TASK DESCRIPTION
For the listing below, return the line containing "object name: sealing", the line containing "description: De ovale", and all lines in between, exactly as written and nothing else.
─── EXTRACTED INFORMATION ───
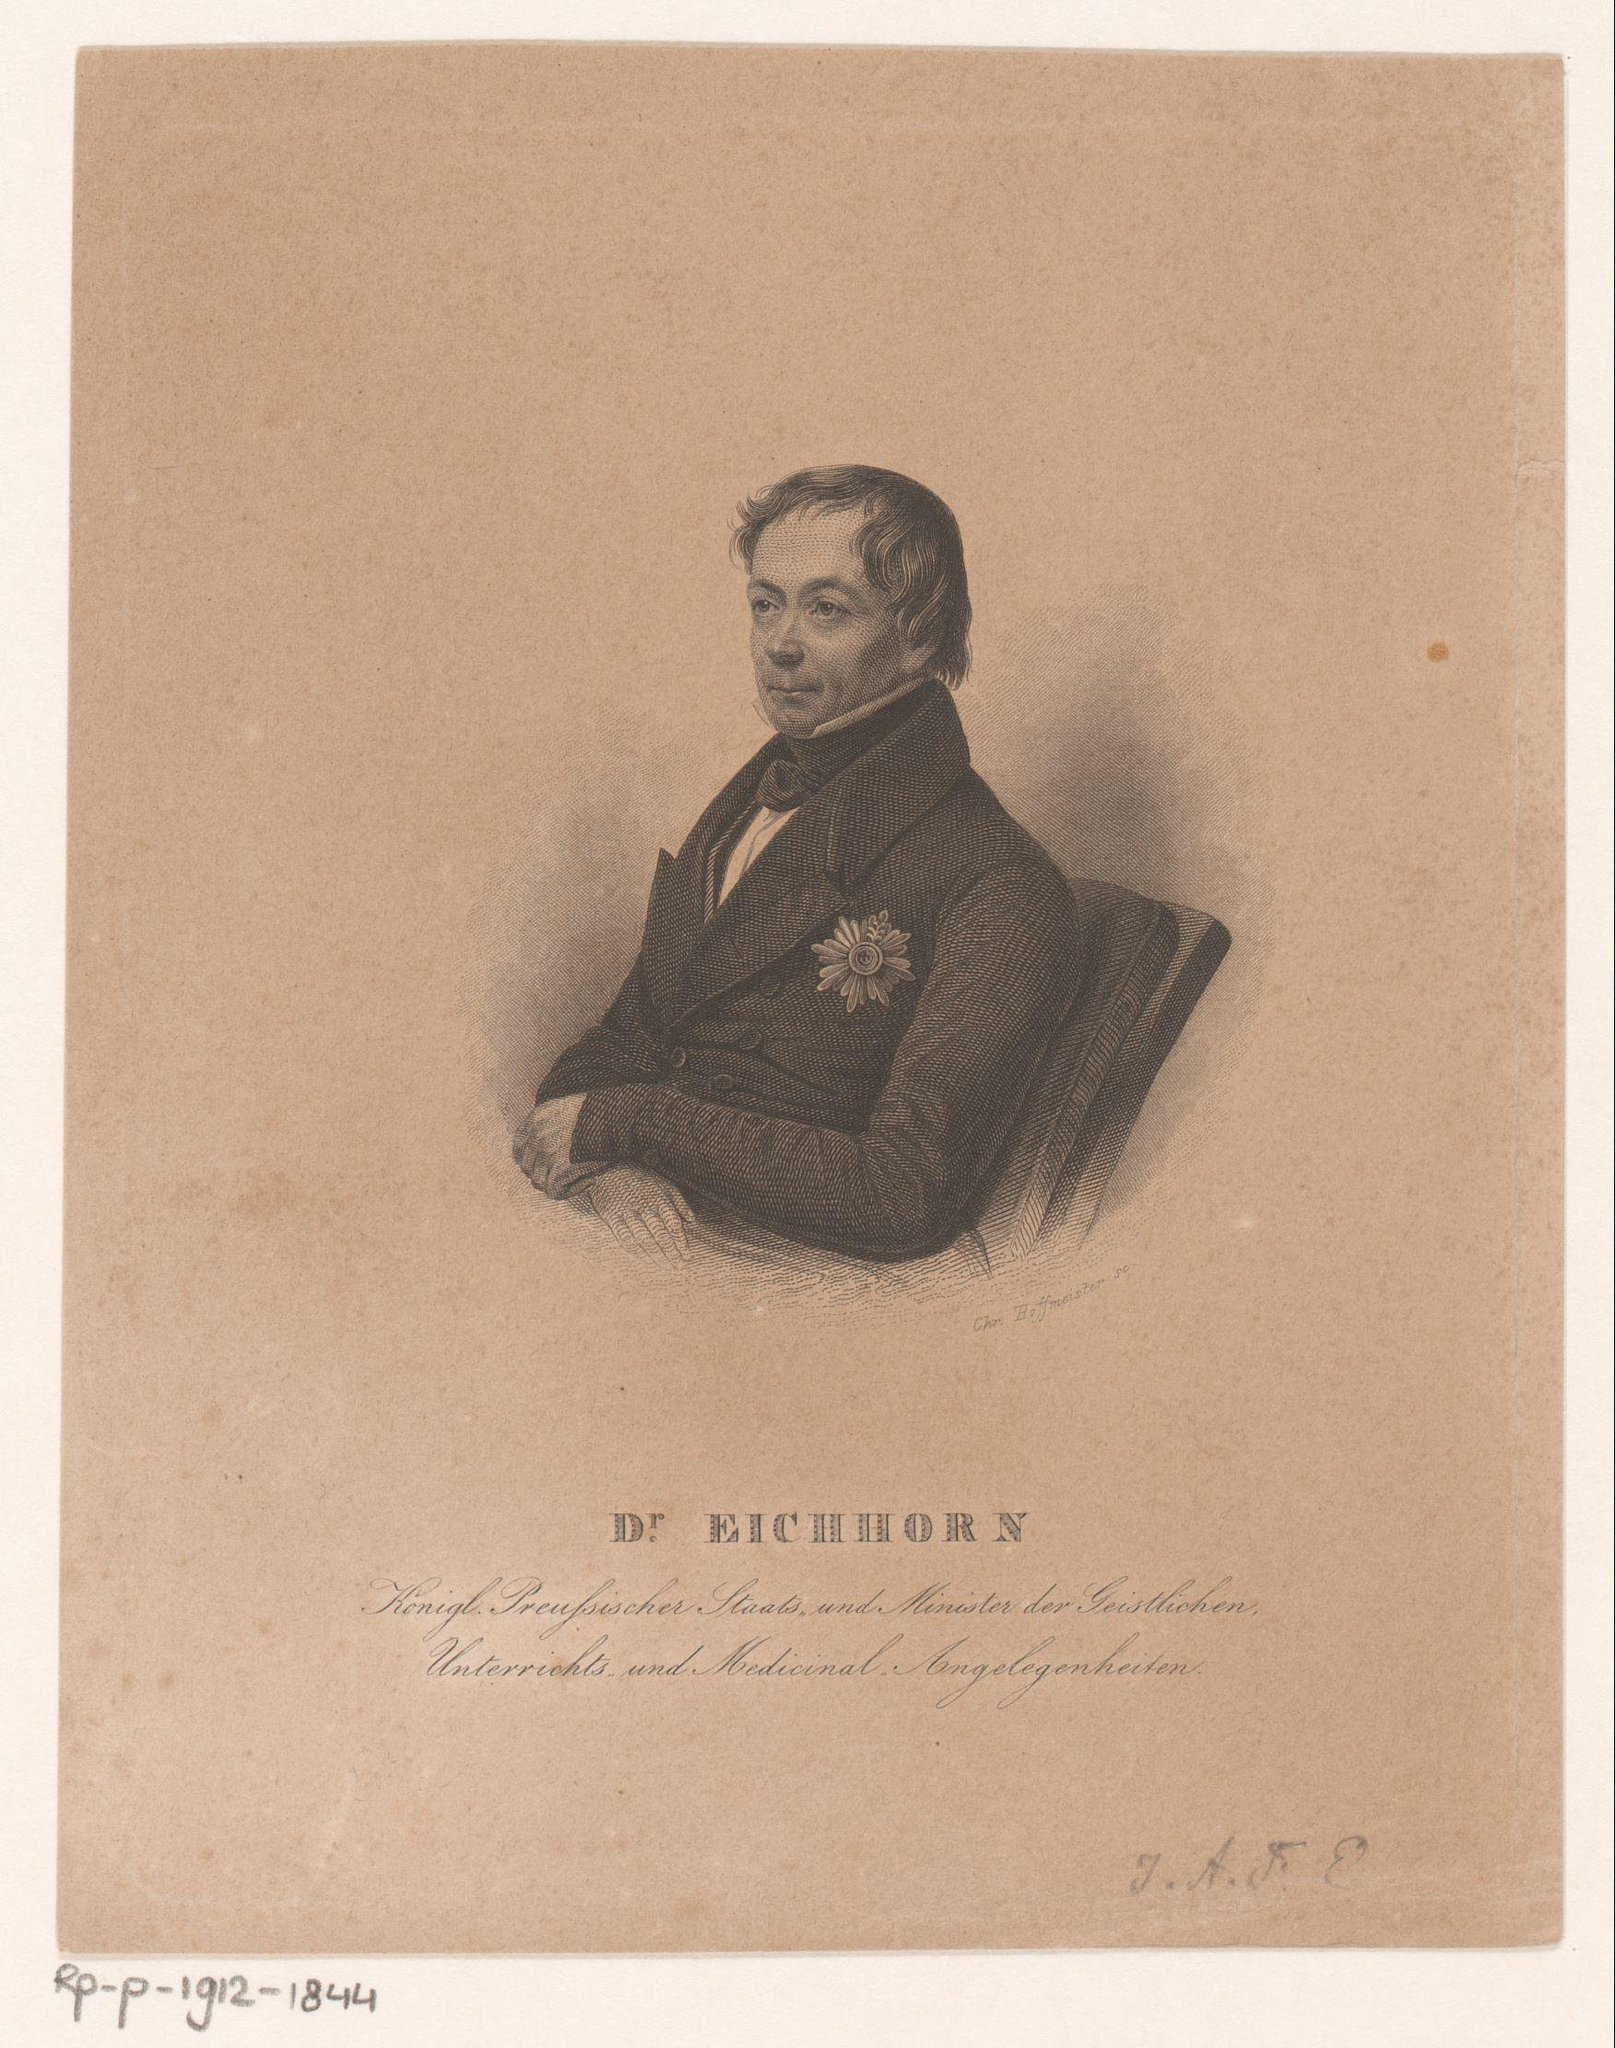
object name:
───
─── EXTRACTED INFORMATION ───
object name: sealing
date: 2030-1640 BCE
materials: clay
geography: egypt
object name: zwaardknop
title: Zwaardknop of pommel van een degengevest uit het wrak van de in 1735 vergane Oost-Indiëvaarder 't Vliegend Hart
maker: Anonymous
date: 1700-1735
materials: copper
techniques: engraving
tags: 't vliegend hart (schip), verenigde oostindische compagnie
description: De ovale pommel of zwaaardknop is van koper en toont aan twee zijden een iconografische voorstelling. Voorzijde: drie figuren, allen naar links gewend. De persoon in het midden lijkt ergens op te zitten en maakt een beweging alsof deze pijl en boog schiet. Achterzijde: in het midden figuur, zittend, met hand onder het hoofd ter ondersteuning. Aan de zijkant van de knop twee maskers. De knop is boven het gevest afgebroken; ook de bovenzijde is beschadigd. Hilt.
───
RESULT
object name: sealing
date: 2030-1640 BCE
materials: clay
geography: egypt
object name: zwaardknop
title: Zwaardknop of pommel van een degengevest uit het wrak van de in 1735 vergane Oost-Indiëvaarder 't Vliegend Hart
maker: Anonymous
date: 1700-1735
materials: copper
techniques: engraving
tags: 't vliegend hart (schip), verenigde oostindische compagnie
description: De ovale pommel of zwaaardknop is van koper en toont aan twee zijden een iconografische voorstelling. Voorzijde: drie figuren, allen naar links gewend. De persoon in het midden lijkt ergens op te zitten en maakt een beweging alsof deze pijl en boog schiet. Achterzijde: in het midden figuur, zittend, met hand onder het hoofd ter ondersteuning. Aan de zijkant van de knop twee maskers. De knop is boven het gevest afgebroken; ook de bovenzijde is beschadigd. Hilt.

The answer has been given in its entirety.